The People’s Charter was supported by a small but vocal group of Victorian MPs led by Thomas Duncombe, Radical Member for Finsbury, whose failure in June 1836 to persuade the Commons to enfranchise compound householders (£10 householders whose rates were paid by their landlords) had influenced the formation of the London Working Men’s Association, and the publication of their 1836 pamphlet The Rotten House of Commons. The first national petition for the Charter, which contained 1,280,958 signatures, was presented to the Commons by Thomas Attwood, Radical MP for Birmingham, on 14 June 1839, and the following month, Attwood, after a generally restrained and sober speech, moved for a committee on it. The motion was seconded by John Fielden, MP for Oldham, and backed by other Radicals including Joseph Hume and Robert Wallace, but it was vociferously opposed by Lord John Russell, the leader of the Whigs in the Commons, who argued that the Charter did not represent ‘the sentiments and opinions of the people at large’. Attwood’s motion was defeated by a crushing margin of 235 votes to 46.

Although viewed largely as an extra-parliamentary protest movement, Chartism played an important role in many parliamentary elections in the mid-Victorian era. Chartists were particularly active at the hustings, when the nomination of parliamentary candidates was followed by a show of hands to show support for those standing, an important election ritual that allowed for the participation of non-electors. Our research for the 1832-1868 constituency articles has underlined the effectiveness of Chartist interventions at the hustings, particularly in areas of England that have been neglected by traditional studies of the movement. For example, Carlisle Chartists were a vociferous force at the 1841 general election when their leader, the handloom weaver Joseph Broom Hanson, was proposed and seconded at the nomination, and overwhelmingly won the show of hands before withdrawing due to ‘want of money’, as he could not afford to pay the returning officer’s fees.
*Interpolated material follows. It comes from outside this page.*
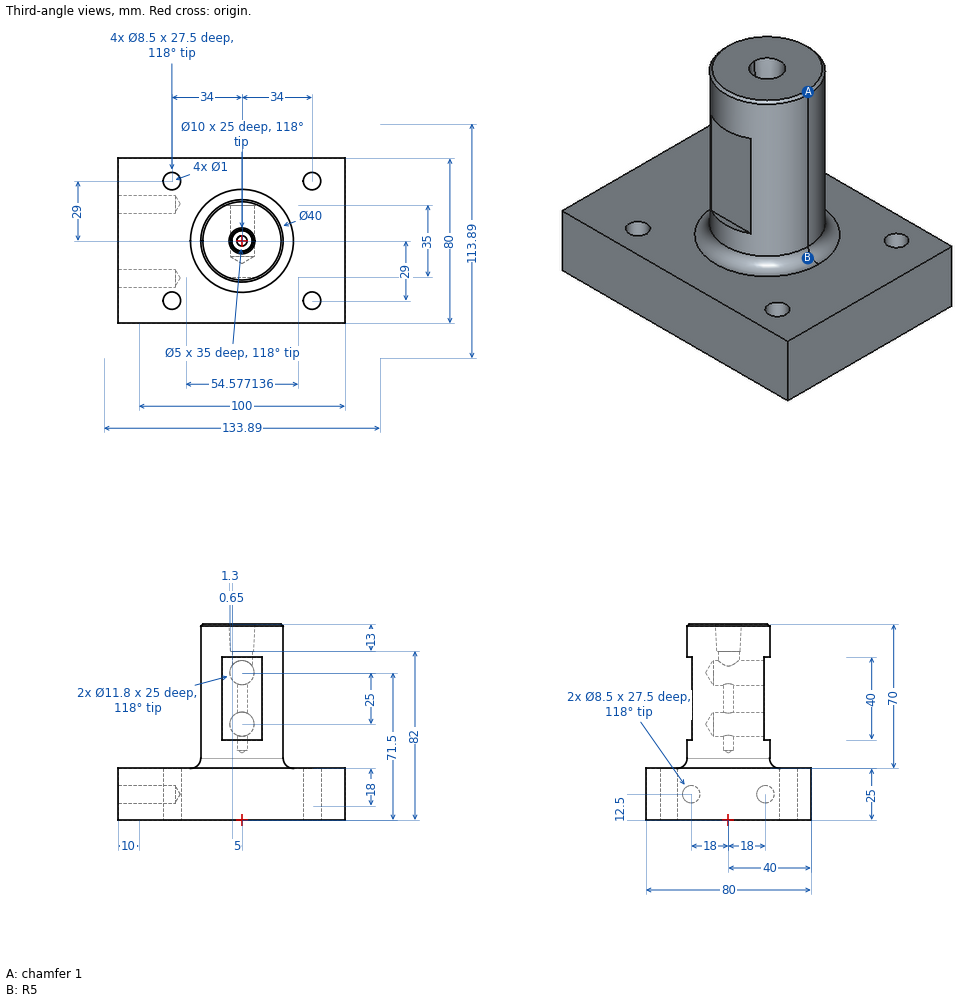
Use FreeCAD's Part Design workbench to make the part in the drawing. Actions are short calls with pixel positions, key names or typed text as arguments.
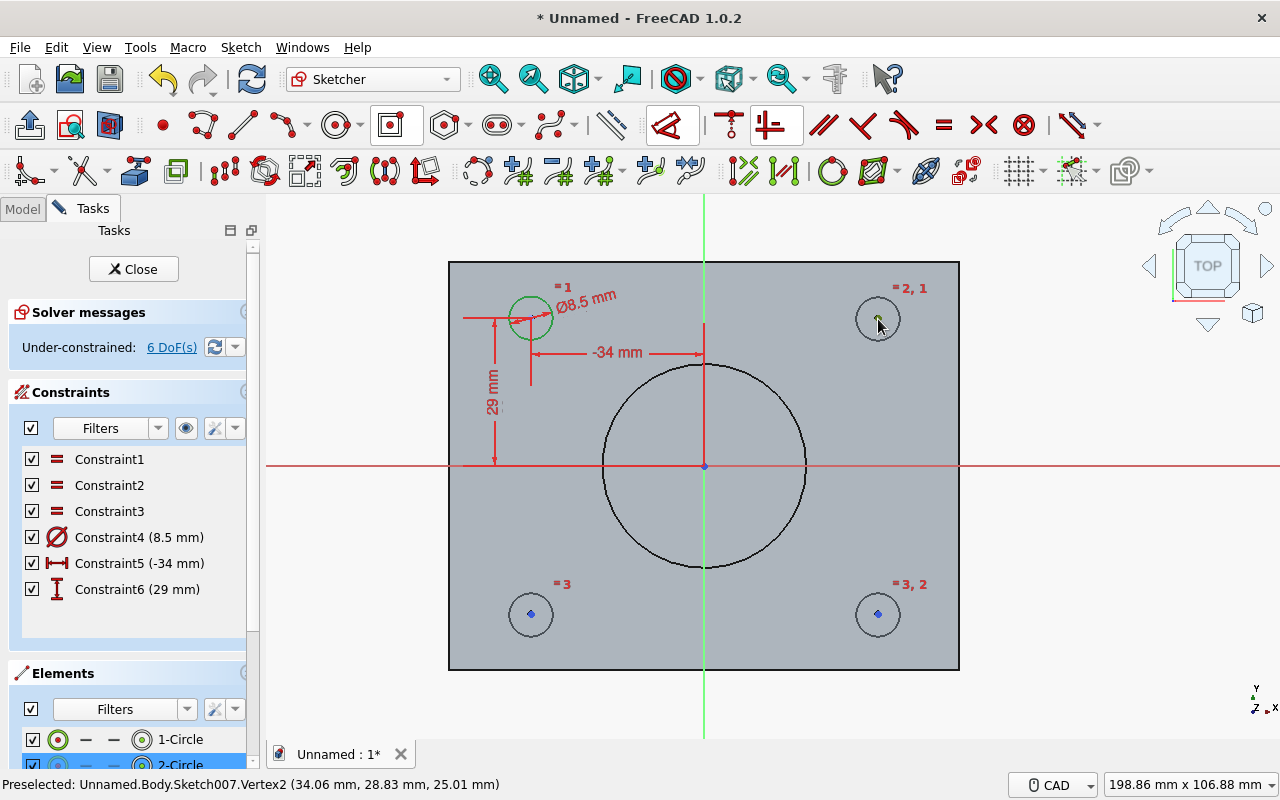
key(l)
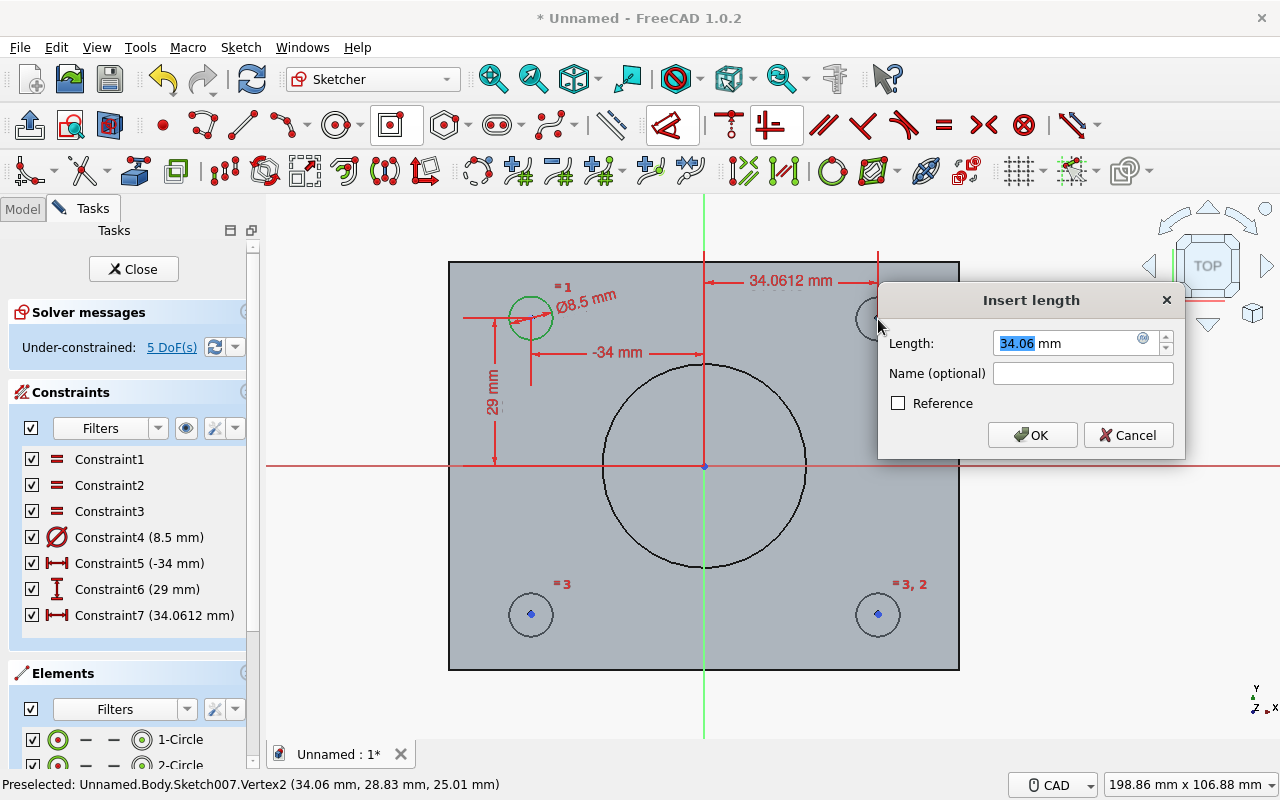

Despite Hanson’s withdrawal, the Chartist intervention had been effective as the Liberal candidates had repeatedly been put on the defensive over their support for the new Poor Law, an issue which the Chartists zealously opposed.

Thereafter Hanson and his supporters continued to swamp public meetings of parliamentary candidates across Cumberland with Chartist resolutions. Similar incidents were witnessed in the north-east of England, where Chartist candidates for Newcastle-upon-Tyne and Sunderland made significant interventions. Although they also subsequently retired to avoid the expense of going to the poll, their presence resulted in a far greater scrutiny of other candidates’ positions on critical issues such as the Poor Law and the suppression of Chartist disturbances.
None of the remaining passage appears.